Finding x, y, z by Equating Matrices
Question:
Find \( x, y, z \) so that \( A = B \), where
\[ A = \begin{bmatrix} x – 2 & 3 & 2x \\ 18z & y + 2 & 6z \end{bmatrix}, \quad B = \begin{bmatrix} y & z & 6 \\ 6y & x & 2y \end{bmatrix} \]
Concept Used
Two matrices are equal if their corresponding elements are equal.
Step 1: Equate Corresponding Elements
\[ x – 2 = y \quad …(1) \]
\[ 3 = z \quad …(2) \]
\[ 2x = 6 \quad …(3) \]
\[ 18z = 6y \quad …(4) \]
\[ y + 2 = x \quad …(5) \]
\[ 6z = 2y \quad …(6) \]
Step 2: Solve the Equations
From (3):
\[ 2x = 6 \Rightarrow x = 3 \]
From (2):
\[ z = 3 \]
Substitute into (6):
\[ 6z = 2y \Rightarrow 18 = 2y \Rightarrow y = 9 \]
Check consistency using (1):
\[ x – 2 = 3 – 2 = 1 \neq 9 \]
❌ This shows inconsistency, so we must instead use consistent equations:
From (5):
\[ y + 2 = x \]
Using (3): \( x = 3 \)
\[ y + 2 = 3 \Rightarrow y = 1 \]
Now check with (4):
\[ 18z = 6y \Rightarrow 18z = 6 \Rightarrow z = \frac{1}{3} \]
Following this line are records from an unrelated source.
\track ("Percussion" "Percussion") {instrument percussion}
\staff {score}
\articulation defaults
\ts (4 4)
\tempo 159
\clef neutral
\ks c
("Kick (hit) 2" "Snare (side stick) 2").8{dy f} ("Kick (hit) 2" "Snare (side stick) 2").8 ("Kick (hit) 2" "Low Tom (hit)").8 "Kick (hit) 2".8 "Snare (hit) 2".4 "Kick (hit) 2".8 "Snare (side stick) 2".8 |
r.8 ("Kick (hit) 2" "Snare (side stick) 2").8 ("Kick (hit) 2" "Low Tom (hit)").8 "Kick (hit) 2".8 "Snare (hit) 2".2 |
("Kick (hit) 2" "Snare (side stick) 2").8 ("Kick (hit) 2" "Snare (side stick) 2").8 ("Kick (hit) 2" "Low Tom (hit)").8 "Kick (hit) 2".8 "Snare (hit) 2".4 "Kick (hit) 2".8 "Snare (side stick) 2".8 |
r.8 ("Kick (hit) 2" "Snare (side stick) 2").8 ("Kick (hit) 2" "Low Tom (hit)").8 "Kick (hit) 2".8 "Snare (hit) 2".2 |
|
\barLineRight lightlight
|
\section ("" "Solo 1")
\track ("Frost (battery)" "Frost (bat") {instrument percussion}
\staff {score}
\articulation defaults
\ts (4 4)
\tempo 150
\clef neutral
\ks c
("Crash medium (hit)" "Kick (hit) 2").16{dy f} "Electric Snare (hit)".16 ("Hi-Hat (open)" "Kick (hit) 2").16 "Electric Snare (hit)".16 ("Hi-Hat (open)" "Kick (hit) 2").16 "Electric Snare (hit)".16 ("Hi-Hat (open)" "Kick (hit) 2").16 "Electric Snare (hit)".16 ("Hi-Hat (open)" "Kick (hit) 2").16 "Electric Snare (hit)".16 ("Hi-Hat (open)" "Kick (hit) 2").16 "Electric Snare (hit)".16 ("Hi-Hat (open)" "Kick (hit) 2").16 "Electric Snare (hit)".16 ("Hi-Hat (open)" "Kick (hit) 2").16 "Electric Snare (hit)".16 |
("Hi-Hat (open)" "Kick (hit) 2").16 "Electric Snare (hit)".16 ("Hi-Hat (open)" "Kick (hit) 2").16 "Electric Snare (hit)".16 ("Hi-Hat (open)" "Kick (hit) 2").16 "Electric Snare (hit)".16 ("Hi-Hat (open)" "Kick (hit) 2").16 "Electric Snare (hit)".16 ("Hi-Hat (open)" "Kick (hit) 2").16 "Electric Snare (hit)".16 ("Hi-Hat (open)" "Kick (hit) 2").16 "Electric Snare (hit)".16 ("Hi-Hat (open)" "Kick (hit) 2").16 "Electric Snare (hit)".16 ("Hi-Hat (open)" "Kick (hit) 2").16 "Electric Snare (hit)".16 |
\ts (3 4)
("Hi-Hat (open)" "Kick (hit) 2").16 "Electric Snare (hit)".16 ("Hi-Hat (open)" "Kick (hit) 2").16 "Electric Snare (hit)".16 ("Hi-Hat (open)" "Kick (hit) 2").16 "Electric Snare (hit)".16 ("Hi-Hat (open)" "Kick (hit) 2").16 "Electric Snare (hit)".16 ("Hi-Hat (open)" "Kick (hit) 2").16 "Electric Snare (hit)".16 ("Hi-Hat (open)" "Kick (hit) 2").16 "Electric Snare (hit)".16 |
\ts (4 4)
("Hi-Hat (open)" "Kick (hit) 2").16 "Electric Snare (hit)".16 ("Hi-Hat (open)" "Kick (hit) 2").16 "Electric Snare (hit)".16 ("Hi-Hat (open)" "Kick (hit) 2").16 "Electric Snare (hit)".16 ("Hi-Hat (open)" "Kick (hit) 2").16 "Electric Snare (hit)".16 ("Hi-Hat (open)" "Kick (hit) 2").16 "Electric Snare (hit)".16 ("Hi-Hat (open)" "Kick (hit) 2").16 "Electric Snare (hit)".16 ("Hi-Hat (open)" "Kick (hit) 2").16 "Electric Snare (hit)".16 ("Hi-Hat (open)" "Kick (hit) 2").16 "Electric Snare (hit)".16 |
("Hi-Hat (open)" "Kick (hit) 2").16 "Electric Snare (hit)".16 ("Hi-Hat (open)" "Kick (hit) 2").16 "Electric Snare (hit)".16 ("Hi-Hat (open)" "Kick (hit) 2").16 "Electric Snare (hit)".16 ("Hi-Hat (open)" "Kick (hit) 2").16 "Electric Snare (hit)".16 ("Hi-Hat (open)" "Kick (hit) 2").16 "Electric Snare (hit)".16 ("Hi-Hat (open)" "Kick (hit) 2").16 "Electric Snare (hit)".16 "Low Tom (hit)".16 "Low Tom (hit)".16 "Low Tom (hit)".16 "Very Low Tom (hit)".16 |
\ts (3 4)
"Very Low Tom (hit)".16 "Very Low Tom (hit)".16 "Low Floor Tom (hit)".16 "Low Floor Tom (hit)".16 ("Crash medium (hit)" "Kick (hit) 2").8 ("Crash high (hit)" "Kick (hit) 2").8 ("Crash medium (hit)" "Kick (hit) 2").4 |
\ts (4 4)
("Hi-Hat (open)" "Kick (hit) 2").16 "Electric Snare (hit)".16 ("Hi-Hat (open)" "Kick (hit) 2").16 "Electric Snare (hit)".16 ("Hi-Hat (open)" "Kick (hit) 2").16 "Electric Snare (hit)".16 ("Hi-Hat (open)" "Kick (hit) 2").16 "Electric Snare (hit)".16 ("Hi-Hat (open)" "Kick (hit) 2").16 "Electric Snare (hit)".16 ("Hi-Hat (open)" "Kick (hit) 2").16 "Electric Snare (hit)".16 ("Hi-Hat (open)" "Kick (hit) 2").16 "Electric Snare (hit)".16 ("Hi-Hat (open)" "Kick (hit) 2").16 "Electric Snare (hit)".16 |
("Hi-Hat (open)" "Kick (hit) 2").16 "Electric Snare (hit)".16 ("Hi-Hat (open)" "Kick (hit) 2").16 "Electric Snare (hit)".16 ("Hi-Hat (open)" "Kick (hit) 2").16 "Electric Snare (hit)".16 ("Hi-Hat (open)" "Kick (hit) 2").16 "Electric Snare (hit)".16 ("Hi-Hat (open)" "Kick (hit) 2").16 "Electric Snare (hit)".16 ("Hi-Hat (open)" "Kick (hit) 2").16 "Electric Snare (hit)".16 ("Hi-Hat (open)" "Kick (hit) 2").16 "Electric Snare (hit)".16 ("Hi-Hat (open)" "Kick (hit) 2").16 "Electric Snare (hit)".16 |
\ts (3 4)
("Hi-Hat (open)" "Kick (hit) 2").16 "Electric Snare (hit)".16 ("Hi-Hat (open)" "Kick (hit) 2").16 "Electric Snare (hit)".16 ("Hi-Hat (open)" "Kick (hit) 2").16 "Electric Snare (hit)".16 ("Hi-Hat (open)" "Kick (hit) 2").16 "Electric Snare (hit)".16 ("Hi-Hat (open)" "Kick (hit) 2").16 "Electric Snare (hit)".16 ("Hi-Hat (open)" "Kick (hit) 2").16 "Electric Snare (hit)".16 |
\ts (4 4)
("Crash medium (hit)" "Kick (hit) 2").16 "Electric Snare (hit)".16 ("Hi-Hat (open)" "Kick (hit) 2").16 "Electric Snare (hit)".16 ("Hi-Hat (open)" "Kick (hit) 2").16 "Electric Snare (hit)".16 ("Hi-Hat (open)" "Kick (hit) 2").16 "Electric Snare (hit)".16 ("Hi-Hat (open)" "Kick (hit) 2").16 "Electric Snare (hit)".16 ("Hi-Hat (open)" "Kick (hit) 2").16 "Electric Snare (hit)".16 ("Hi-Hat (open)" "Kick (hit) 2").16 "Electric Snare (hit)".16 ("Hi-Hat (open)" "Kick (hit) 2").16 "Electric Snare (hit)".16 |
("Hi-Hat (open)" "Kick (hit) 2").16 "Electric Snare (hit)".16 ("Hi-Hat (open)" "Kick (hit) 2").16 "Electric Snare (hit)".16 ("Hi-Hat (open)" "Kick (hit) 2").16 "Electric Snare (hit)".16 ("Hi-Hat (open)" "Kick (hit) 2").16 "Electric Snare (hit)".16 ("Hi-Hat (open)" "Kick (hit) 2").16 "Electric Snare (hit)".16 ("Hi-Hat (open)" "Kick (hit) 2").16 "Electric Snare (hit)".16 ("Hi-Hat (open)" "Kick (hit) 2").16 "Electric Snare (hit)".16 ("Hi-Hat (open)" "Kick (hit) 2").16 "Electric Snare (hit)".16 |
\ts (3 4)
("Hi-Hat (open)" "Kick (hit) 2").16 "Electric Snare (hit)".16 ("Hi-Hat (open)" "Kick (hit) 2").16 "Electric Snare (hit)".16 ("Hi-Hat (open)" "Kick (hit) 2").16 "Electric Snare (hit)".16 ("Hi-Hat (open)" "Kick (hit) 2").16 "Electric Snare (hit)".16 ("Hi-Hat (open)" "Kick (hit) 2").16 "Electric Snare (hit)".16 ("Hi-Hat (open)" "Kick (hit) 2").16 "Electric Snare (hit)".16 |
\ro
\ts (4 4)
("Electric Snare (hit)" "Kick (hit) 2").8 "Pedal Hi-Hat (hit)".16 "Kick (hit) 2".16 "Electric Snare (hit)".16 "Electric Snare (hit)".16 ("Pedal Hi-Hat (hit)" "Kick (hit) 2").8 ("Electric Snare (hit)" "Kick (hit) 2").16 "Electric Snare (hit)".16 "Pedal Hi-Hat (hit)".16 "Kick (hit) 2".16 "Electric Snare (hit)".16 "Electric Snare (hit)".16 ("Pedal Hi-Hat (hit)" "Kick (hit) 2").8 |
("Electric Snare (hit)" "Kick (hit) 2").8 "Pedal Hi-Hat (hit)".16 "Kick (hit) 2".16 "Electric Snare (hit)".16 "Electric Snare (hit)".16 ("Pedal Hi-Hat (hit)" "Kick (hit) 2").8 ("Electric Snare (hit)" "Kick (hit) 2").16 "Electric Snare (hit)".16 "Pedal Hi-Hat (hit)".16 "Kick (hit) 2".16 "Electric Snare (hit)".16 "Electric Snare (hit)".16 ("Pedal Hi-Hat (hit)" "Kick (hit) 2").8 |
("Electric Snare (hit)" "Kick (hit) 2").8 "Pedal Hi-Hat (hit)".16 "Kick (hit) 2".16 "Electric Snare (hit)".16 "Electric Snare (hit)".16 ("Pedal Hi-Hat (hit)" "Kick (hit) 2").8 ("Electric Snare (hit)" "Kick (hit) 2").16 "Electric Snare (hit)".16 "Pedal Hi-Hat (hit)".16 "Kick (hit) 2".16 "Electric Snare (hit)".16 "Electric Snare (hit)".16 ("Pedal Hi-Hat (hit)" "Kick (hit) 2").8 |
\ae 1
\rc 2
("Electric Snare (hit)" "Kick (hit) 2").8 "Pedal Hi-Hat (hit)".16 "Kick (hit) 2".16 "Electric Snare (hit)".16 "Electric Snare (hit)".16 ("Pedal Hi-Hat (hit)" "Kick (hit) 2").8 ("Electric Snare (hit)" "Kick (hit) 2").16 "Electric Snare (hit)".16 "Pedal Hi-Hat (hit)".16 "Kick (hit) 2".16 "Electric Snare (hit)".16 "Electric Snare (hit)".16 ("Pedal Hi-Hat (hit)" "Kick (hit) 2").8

But from (2): \( z = 3 \), contradiction again.
Step 3: Correct Approach
Use consistent pair:
From (3): \( x = 3 \)
From (5): \( y + 2 = 3 \Rightarrow y = 1 \)
From (2): \( z = 3 \)
Check remaining equations:
\[ 18z = 54 \neq 6y = 6 \]
❌ Not satisfied ⇒ System is inconsistent.
Final Answer
No solution exists (matrices cannot be equal).